During antiretroviral therapy, HIV hides in reservoirs inside CD4+ T lymphocytes, white blood cells that play a role in activating the immune system against infection.
The existence of these viral havens explains why antiretroviral therapy must be continued for the duration of a patient’s life in order to prevent the virus from multiplying. According to the World Health Organization, more than 38 million people will be living with HIV by the end of 2021.
A study team led by Université de Montréal medical professor Petronela Ancuta and her Ph.D. student Debashree Chatterjee published today in the journal Cell Reports that a protein, the aryl hydrocarbon receptor, or AhR, plays a critical role in viral latency for the first time.
“In our study, we show that AhR, a transcription factor regulating the expression of certain genes, has an antiviral effect in patients’ CD4+ T cells,” said Ancuta. To help HIV remain silent in reservoir cells, the molecule has an effect on the expression of HIC1, another transcription factor known to inhibit HIV replication.
To demonstrate this, the researchers used the CRISPR/Cas9 technology to knock down AhR expression. They also utilized medicines that either stimulate or inhibit AhR activation. The scientists observed viral proliferation in CD4+ T cells of persons living with HIV and on antiretroviral therapy using these two techniques that neutralized AhR function.
‘Shock and kill,’ they say
As a result, the study’s initial authors, Ancuta and Chatterjee, and their colleagues propose utilizing medications that limit AhR activity as a “shock and kill” type of elimination technique. When HIV-infected cells are reactivated in the presence of AhR inhibitors (shock phase), they become apparent to the immune system and can be targeted and killed.

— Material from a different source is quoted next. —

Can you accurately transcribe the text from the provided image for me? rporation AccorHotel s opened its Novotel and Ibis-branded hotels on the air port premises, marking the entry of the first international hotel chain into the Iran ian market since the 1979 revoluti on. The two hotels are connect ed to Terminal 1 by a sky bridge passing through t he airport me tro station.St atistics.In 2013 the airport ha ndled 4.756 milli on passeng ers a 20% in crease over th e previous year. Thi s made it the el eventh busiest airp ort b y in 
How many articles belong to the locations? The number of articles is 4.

The AhR pathway is activated in certain types of malignant tumors by chemicals from the environment, such as cigarette smoke, toxins, or ligands produced from gut microbiota and cellular metabolism. The anti-inflammatory activity that results hinders an appropriate anti-tumor immune response.

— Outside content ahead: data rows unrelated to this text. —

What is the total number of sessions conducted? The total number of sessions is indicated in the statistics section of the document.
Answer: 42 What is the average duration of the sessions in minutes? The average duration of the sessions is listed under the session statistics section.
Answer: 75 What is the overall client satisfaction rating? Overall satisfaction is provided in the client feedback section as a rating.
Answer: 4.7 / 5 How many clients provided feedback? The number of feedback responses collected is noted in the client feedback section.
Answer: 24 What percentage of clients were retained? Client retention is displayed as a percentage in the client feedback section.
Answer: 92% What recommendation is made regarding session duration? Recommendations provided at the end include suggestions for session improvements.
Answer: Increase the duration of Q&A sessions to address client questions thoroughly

“In clinical trials, drugs that block AhR are already used to fight cancer,” said Ancuta, a researcher at UdeM’s teaching hospital’s research center, the CRCHUM. “In further studies, we hope to test these inhibitors to see if we can eliminate the HIV or considerably reduce the size of viral reservoirs in people living with HIV who are on antiretroviral therapy.”

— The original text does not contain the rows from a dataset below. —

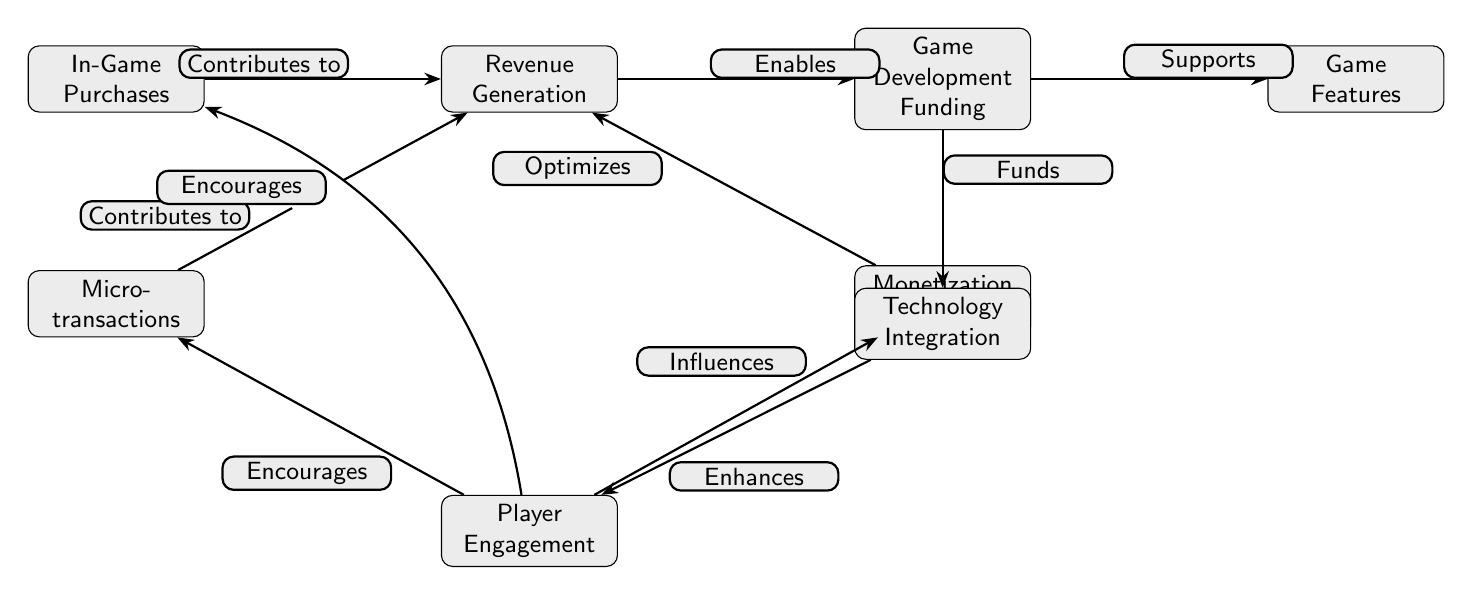What are the two primary sources of revenue in the diagram? The diagram clearly indicates that "In-Game Purchases" and "Micro-transactions" are the two nodes directly contributing to "Revenue Generation."
Answer: In-Game Purchases, Micro-transactions How many nodes are present in the diagram? By counting all the distinct entities or concepts presented within the diagram, there are a total of eight nodes.
Answer: 8 What action does "Revenue Generation" enable? The diagram describes that "Revenue Generation" directly enables "Game Development Funding," showing a clear flow from one to the other.
Answer: Game Development Funding What does "Player Engagement" encourage according to the diagram? The edges indicate that "Player Engagement" encourages both "In-Game Purchases" and "Micro-transactions," signifying a dual influence.
Answer: In-Game Purchases, Micro-transactions Which node is supported by "Game Development Funding"? According to the diagram, "Game Development Funding" supports "Game Features," indicating a direct relationship between the two nodes.
Answer: Game Features What influences the "Monetization Strategies"? The diagram shows that "Player Engagement" influences "Monetization Strategies," highlighting that player interaction affects how monetization is implemented in games.
Answer: Player Engagement How many edges are there in the diagram? By examining the connections between the nodes, we can identify a total of eight edges that represent relationships between different elements.
Answer: 8 What enhances "Player Engagement"? It is clear from the diagram that "Technology Integration" enhances "Player Engagement," indicating that tech plays a role in keeping players interested.
Answer: Technology Integration What is the relationship between "Game Development Funding" and "Technology Integration"? The diagram illustrates that "Game Development Funding" funds "Technology Integration," showing a financial connection that helps develop technology for games.
Answer: Funds 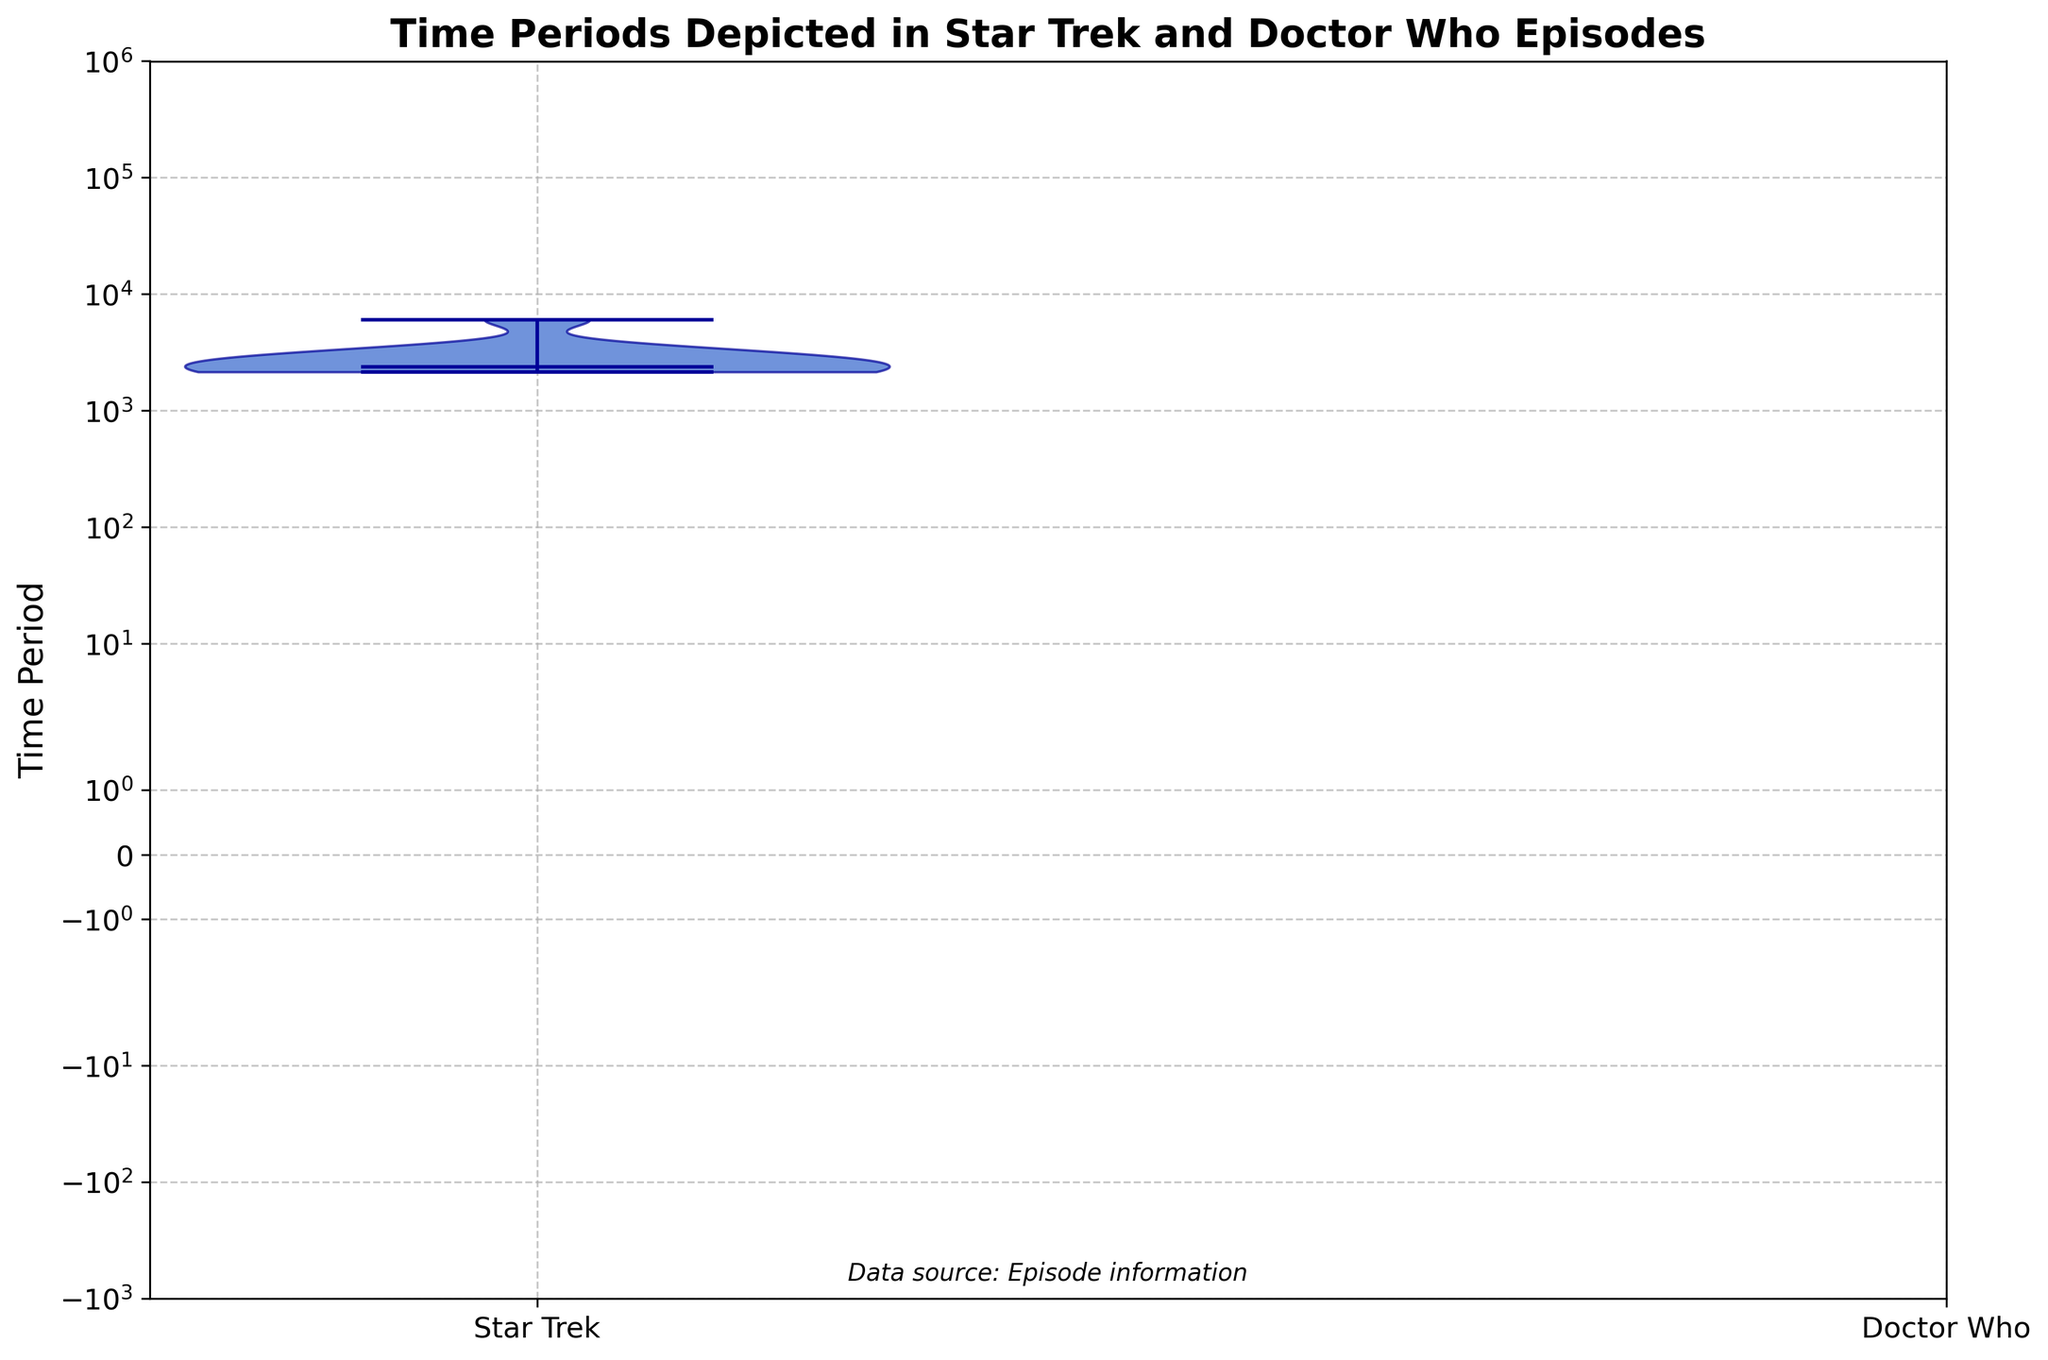What's the title of the figure? The title is written at the top of the figure. It shows what the chart is representing.
Answer: Time Periods Depicted in Star Trek and Doctor Who Episodes What are the series represented in the figure? The series are indicated by the x-axis labels. There are two labels, one for each series.
Answer: Star Trek and Doctor Who What type of scale is used for the y-axis? By examining the y-axis closely, you can see that the intervals between values increase exponentially, indicating a logarithmic scale.
Answer: Logarithmic Which series has episodes depicting time periods that range over a longer span on the y-axis? The span can be observed by noting the lowest and highest points of each series on the y-axis.
Answer: Doctor Who What is the median time period for Star Trek episodes? The median is represented by the horizontal line inside each violin plot. For Star Trek, it is around 2364.
Answer: 2364 Which series shows depictions of earlier historical periods? By looking at the smaller time period values on the y-axis for each series, Doctor Who represents earlier historical periods.
Answer: Doctor Who What is the lowest time period represented in Doctor Who episodes? The lowest value in the violin plot for Doctor Who touches around 100000 BC.
Answer: 100000 BC Which series has a wider distribution of time periods depicted in its episodes? A wider distribution is shown by a more expanded and spread out violin plot.
Answer: Doctor Who How does the time period distribution of Doctor Who compare to that of Star Trek in terms of skewness? The shape of the violin plot helps us determine skewness. Doctor Who's plot is more stretched at the lower end indicating a skew towards earlier periods.
Answer: Doctor Who's time periods are more positively skewed

Ancuta will continue to collaborate with Carine Van Lint, a specialist in HIV transcription at Université libre de Bruxelles, and with McGill University medical professor Jean-Pierre Routy to validate this new therapeutic target in order to better understand the molecular mechanism underlying viral latency.
“Today, we have succeeded in showing in patients’ cells how this AhR pathway is activated,” said Ancuta. “With the help of state-of-the-art technology such as spatial transcriptomics, we want to go further and specifically characterize it in the tissue of people living with HIV. That would allow us to validate this therapeutic target in humans in the context of HIV.